The 22163 bp genome of the lytic prolate-headed lactococcal phage c2 was fully sequenced. Mapping of restriction sites and RNA transcripts demonstrated the presence of early and late genes. Early and late promoters were identified. The early region contained 21 ORFs, with predicted protein products of 4.4-32.9 kDA, all reading right to left. Significant similarity was found between a putative protein encoded by an early region ORF and the erf (essential recombination function) gene product of Salmonella phage P22. The late genes for which a function has been identified, all of which read from left to right, included a possible holin gene, and genes encoding three major and six minor phage structural proteins. Analysis of the cohesive termini revealed complementary, non-symmetrical, 9-base single-stranded 3' extended DNAs. The exploitation of phage sequence data and analysis of phage genomes to find ways of inhibiting phage replication is discussed.

Sequencing and analysis of the cos region of the lactococcal bacteriophage c2.

The cohesive termini of the DNA genome of the lactococcal bacteriophage c2 were directly sequenced and appeared to be complementary, non-symmetrical, 9-nucleotide single-stranded, 3' extended DNAs, with the following sequence: 5'-GTTAGGCTT-3' 3'-CAATCCGAA-5'. DNA located on either side of the cohesive ends was sequenced and several repeats and a region with the potential for a DNA bend were found. Previously sequenced cos regions of 13 other bacteriophages were also examined for similar sequence features. All of the bacteriophages from gram-positive hosts had 3' extended DNA termini, in contrast to the bacteriophages from gram-negative hosts, which had 5' extended DNA termini. All bacteriophages had a region of dyad symmetry close to the cohesive termini. A 7.3 kb DNA fragment of the c2 genome containing the cos sequences was cloned; transduction experiments demonstrated that these cloned sequences could act as a substrate for packaging enzymes of phage c2.

Sequence analysis of the lysin gene region of the prolate lactococcal bacteriophage c2.

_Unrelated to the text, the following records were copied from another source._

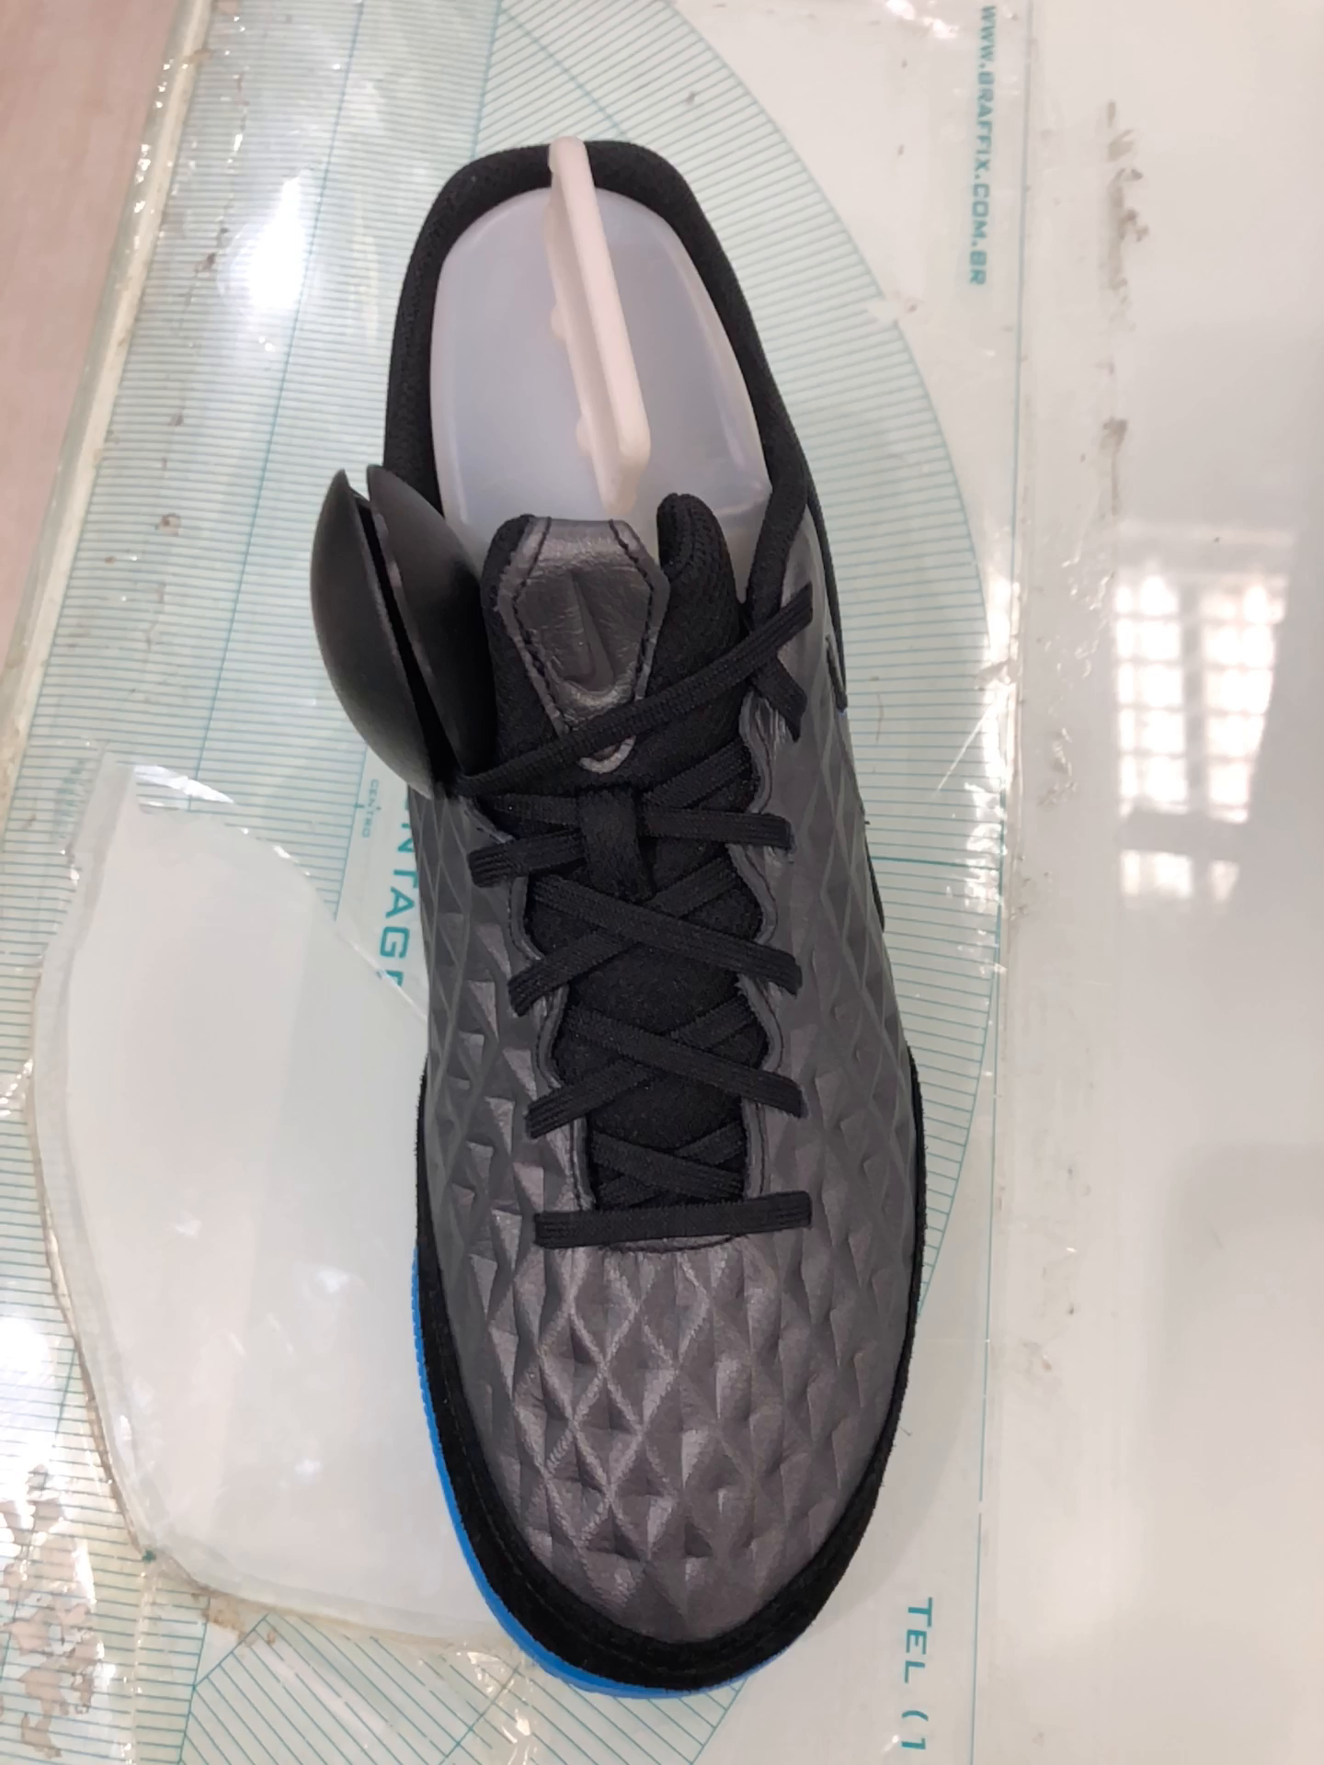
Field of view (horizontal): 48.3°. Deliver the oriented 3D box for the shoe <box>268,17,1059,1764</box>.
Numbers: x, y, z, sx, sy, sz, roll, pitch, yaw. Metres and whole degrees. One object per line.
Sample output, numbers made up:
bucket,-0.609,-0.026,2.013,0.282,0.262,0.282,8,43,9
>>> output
shoe,-0.008,-0.007,0.279,0.100,0.100,0.290,-4,72,-1
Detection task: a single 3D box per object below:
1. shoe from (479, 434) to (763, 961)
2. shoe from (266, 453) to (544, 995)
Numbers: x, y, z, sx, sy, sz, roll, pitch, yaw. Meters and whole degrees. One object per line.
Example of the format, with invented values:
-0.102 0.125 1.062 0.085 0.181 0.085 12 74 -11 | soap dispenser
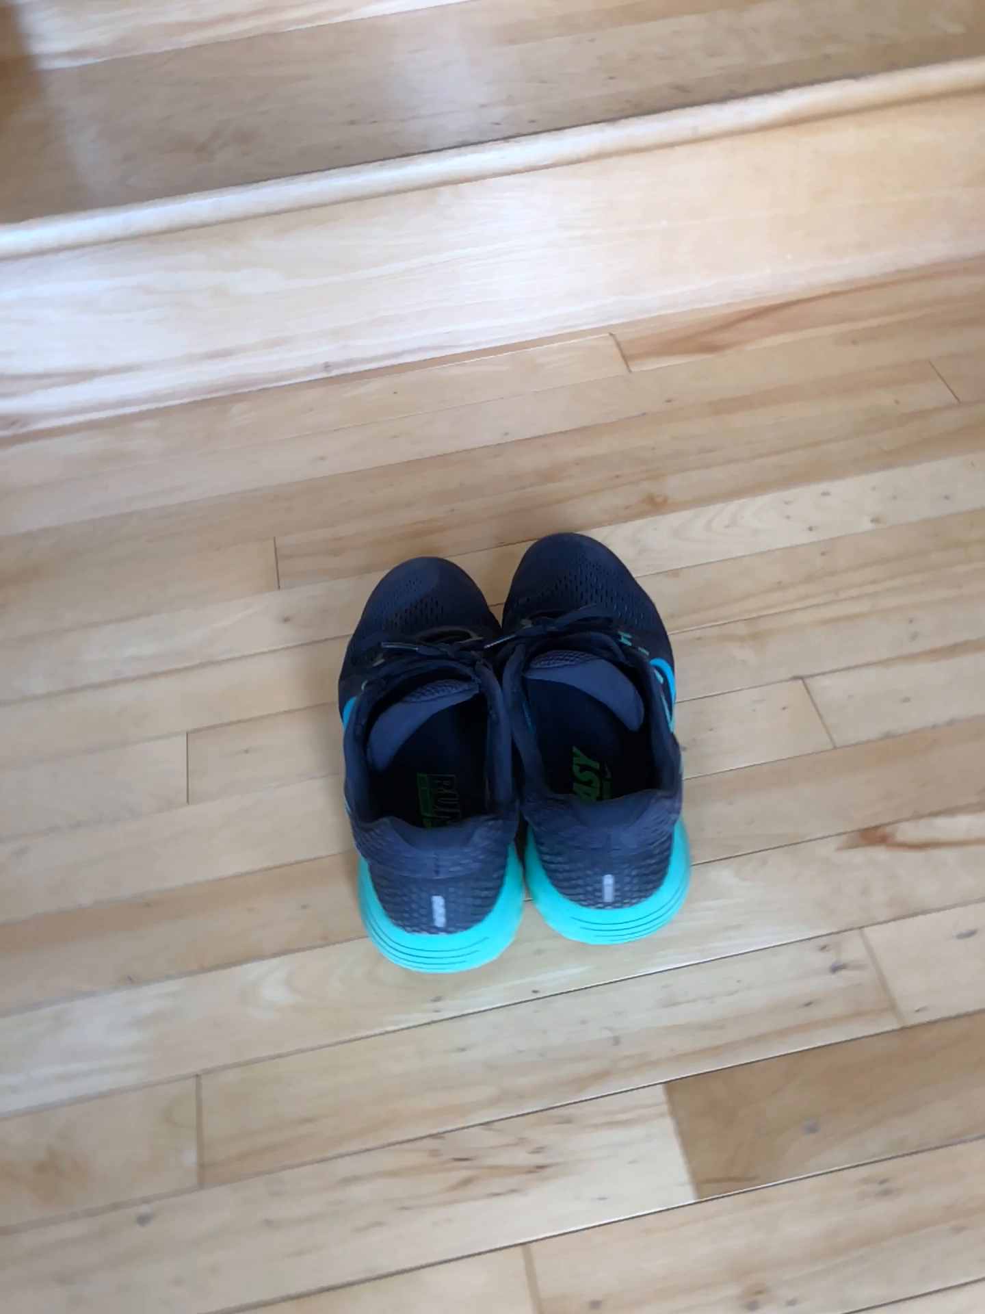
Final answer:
0.060 0.011 0.618 0.120 0.100 0.291 -4 50 2 | shoe
-0.049 0.024 0.613 0.120 0.100 0.291 -7 50 1 | shoe
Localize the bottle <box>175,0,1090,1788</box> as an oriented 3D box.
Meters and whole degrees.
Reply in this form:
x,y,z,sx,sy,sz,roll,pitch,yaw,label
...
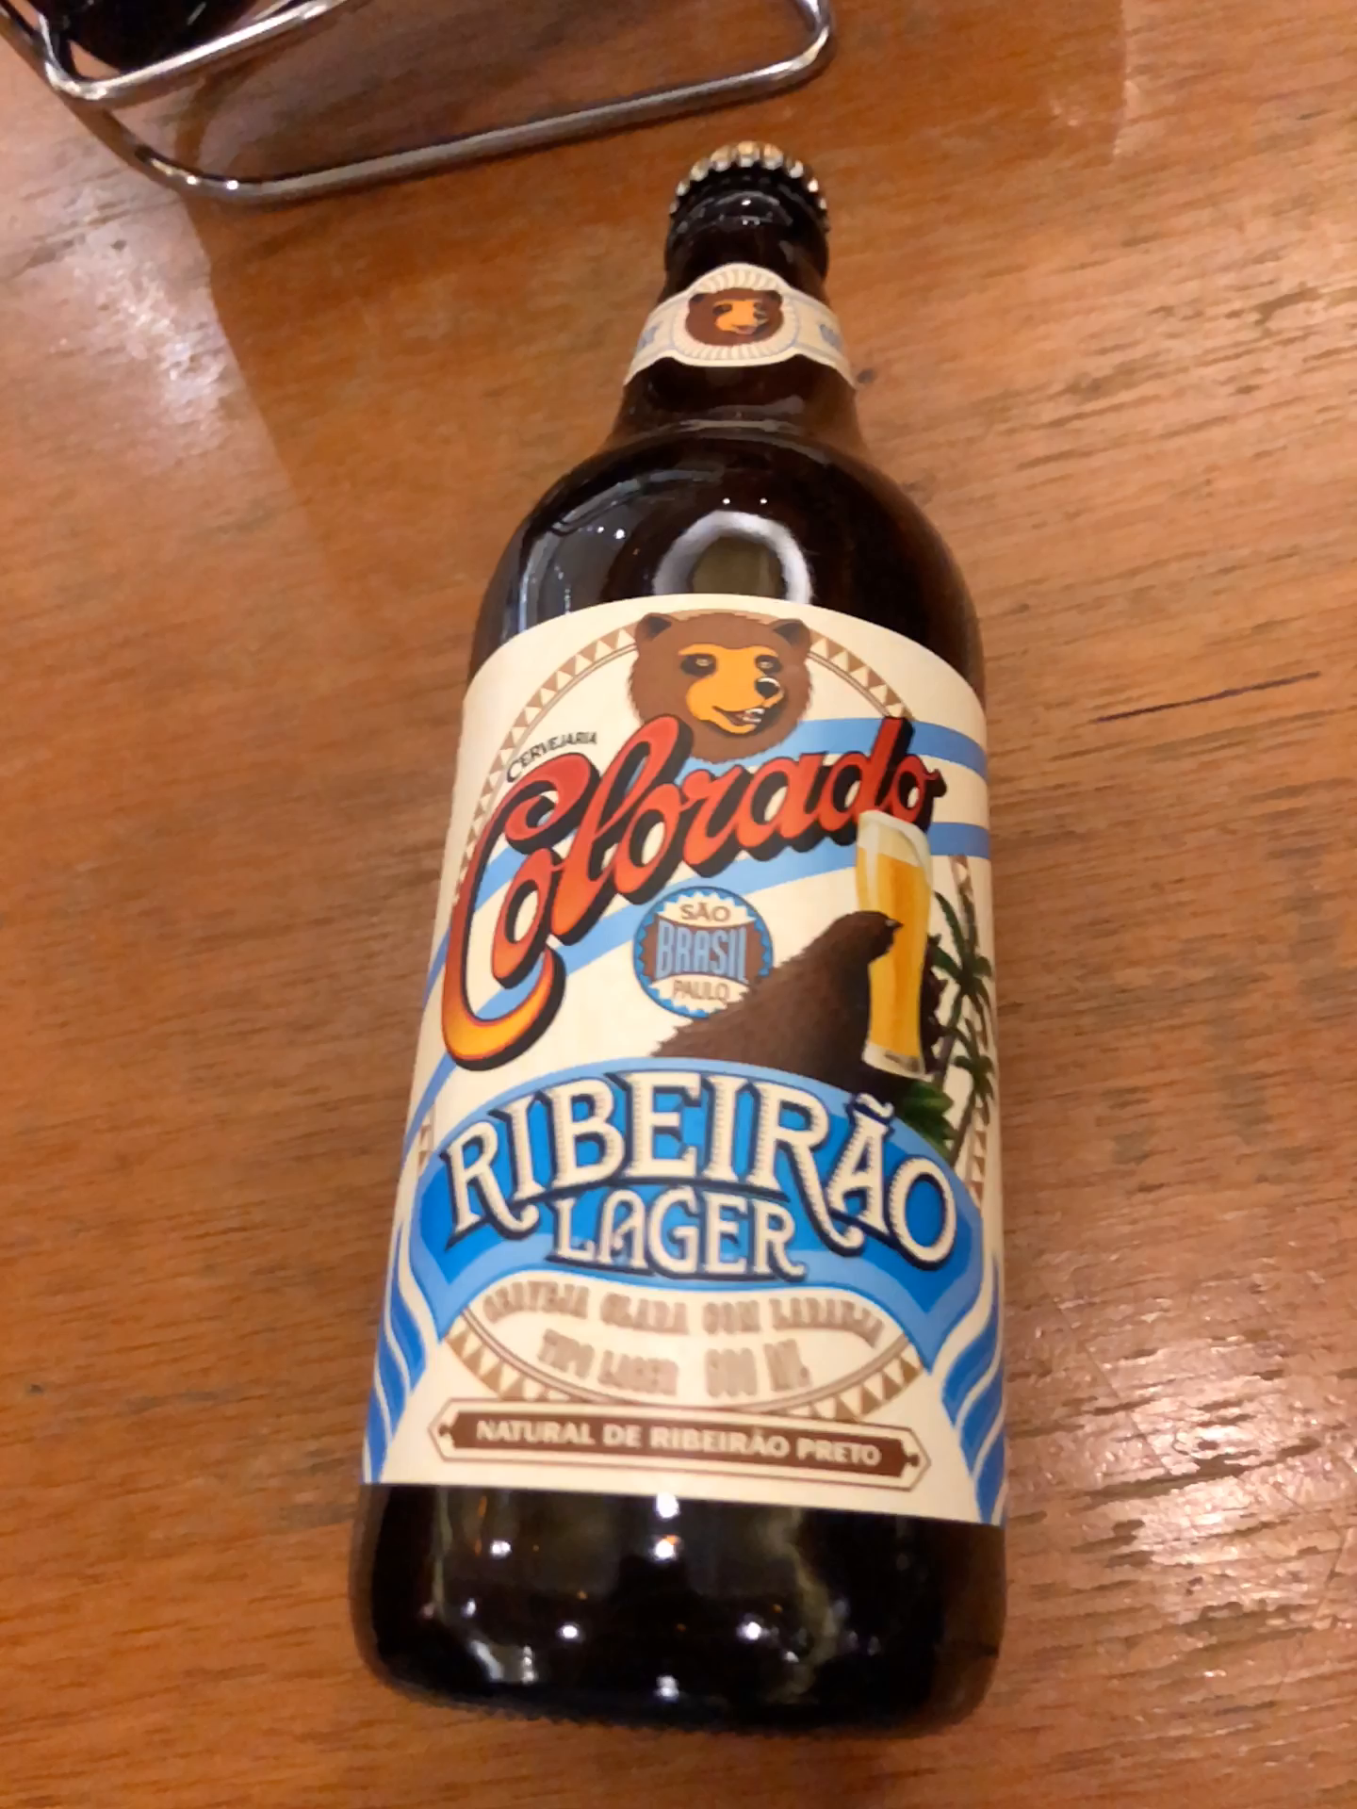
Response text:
x,y,z,sx,sy,sz,roll,pitch,yaw,label
0.006,-0.027,0.225,0.090,0.060,0.261,-1,66,11,bottle

Approximately 80% of the genome of the prolate-headed lactococcal bacteriophage c2 was cloned into shuttle vectors pSA3 and pFX3 in Escherichia coli and transferred to Lactococcus lactis. A 1.67-kilobase EcoRV fragment containing the gene for the phage lysin was identified and the position and orientation of the phage lysin gene in the physical map of the phage were determined. The phage lysin was expressed in E. coli and its sequence was determined and compared with the sequences of other bacteriophage lytic genes. The sequence was similar, but not identical, to that of the related lactococcal phage m13, having a number of silent substitutions and an apparent deletion that altered the carboxy terminus of the protein. Possible alternative translation initiation codons for the lysin gene and two possible alternative mechanisms for access of the lysin enzyme to the cell wall are discussed. An open reading frame upstream of the putative lysin gene was found to be 177 base pairs longer than that reported for phage m13. A codon usage table for the lysin genes of several phages as well as for reported gene sequences from L. lactis and lactococcal bacteriophages is presented.